Data extracted from a collection
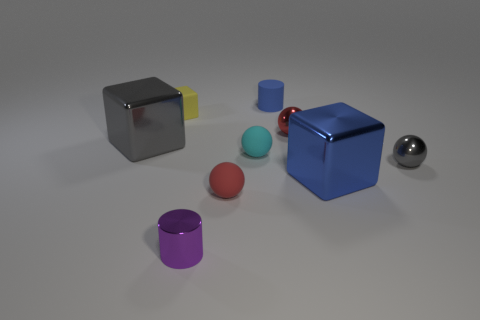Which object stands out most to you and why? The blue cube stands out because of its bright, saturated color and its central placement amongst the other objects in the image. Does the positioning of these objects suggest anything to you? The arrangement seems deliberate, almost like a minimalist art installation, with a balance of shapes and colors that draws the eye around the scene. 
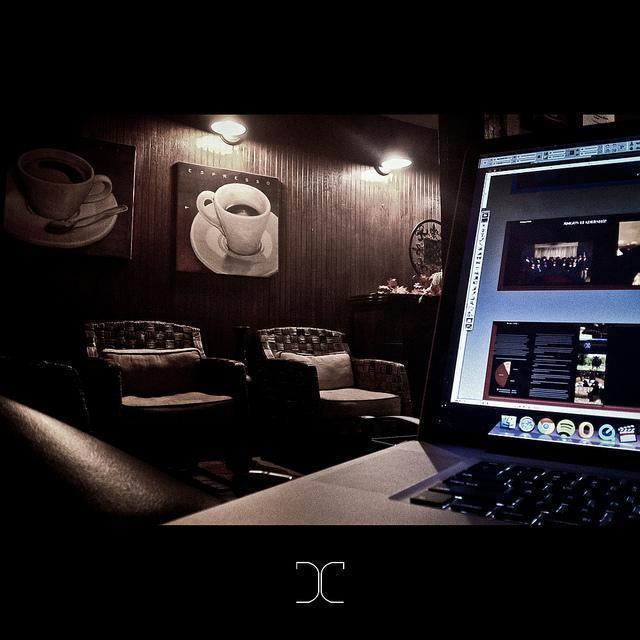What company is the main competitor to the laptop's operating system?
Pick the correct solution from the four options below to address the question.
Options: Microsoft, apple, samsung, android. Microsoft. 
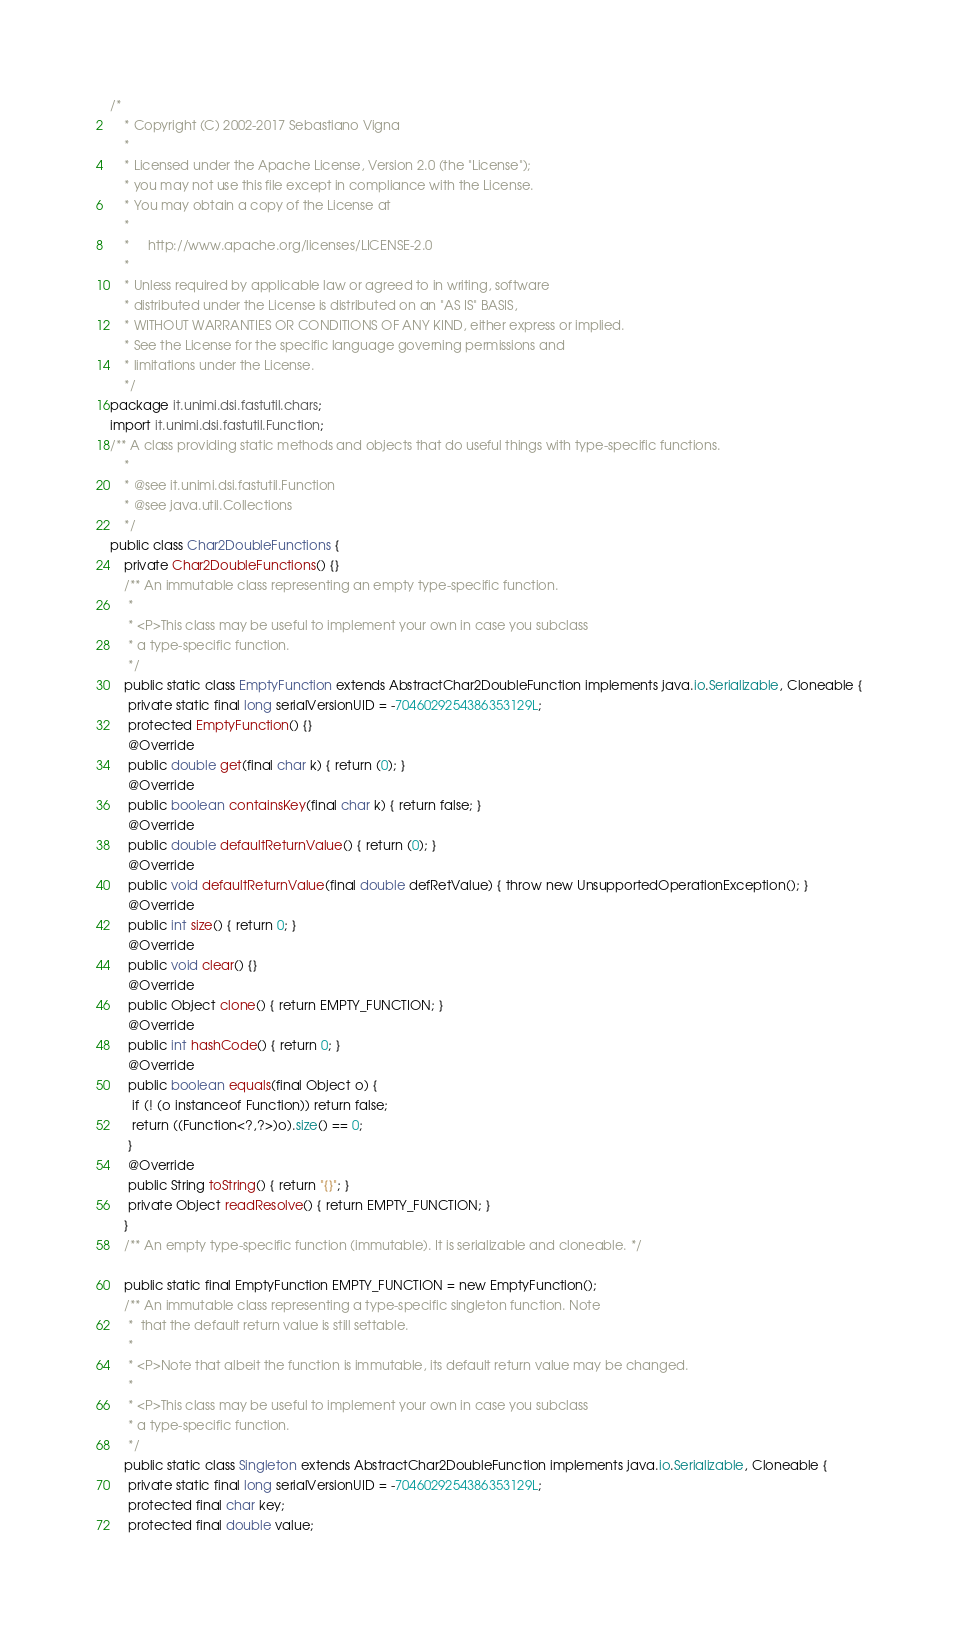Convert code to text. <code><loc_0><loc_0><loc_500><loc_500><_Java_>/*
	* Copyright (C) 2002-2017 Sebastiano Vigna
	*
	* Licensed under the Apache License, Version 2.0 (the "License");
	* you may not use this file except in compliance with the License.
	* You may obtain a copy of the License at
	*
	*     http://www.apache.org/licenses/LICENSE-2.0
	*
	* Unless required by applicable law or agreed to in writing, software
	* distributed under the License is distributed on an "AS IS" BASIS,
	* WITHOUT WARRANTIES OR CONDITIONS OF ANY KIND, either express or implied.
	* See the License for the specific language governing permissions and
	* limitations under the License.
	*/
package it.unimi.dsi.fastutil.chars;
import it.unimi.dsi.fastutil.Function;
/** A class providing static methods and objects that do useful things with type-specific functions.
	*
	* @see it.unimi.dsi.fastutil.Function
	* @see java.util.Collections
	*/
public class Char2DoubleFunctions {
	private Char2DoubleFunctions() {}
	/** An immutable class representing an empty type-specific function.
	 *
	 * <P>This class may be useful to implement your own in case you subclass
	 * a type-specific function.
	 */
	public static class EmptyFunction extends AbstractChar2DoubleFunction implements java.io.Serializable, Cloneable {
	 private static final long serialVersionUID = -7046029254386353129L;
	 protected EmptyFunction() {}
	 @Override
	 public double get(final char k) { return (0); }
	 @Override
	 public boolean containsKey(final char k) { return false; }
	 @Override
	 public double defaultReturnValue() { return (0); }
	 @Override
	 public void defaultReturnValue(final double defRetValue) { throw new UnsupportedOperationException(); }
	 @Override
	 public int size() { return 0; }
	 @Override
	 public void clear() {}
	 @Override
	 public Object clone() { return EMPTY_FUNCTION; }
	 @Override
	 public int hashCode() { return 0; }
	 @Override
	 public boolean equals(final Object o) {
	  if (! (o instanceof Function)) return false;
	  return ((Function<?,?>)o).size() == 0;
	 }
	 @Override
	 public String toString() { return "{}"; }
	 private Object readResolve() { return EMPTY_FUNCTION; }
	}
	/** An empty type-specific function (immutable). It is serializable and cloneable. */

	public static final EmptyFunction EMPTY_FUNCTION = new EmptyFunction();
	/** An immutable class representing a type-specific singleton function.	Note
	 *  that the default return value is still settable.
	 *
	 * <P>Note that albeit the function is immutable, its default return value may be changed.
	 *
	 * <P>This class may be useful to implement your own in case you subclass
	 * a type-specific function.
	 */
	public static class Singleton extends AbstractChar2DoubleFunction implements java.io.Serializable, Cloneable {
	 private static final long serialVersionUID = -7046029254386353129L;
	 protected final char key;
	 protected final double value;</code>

--

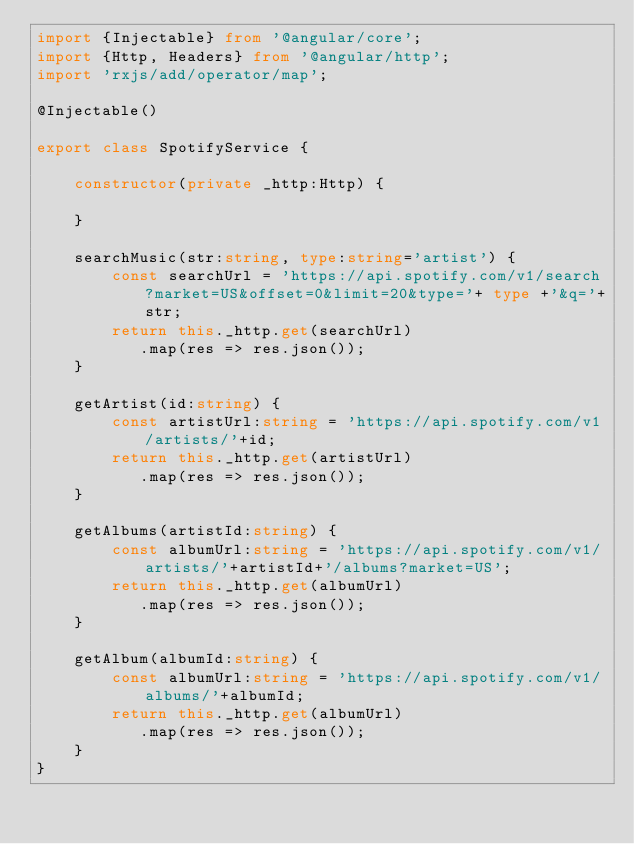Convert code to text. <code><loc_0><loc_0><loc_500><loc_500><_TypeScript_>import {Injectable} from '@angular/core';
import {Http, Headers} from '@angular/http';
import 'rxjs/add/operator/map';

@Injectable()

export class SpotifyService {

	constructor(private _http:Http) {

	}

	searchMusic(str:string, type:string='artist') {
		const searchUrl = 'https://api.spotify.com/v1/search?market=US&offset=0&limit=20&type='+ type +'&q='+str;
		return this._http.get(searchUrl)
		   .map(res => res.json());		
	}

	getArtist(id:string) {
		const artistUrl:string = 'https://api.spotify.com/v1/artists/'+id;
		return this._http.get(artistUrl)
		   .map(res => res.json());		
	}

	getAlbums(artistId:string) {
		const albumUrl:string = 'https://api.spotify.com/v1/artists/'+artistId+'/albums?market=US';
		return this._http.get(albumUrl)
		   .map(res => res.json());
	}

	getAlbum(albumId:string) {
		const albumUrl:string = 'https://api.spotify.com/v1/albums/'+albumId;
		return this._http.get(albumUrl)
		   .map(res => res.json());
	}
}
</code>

WHAT YOU SHOULD DO
Using the records above, copy all lines that include the word "boolean".

WRITTEN RESPONSE
	 public boolean containsKey(final char k) { return false; }
	 public boolean equals(final Object o) {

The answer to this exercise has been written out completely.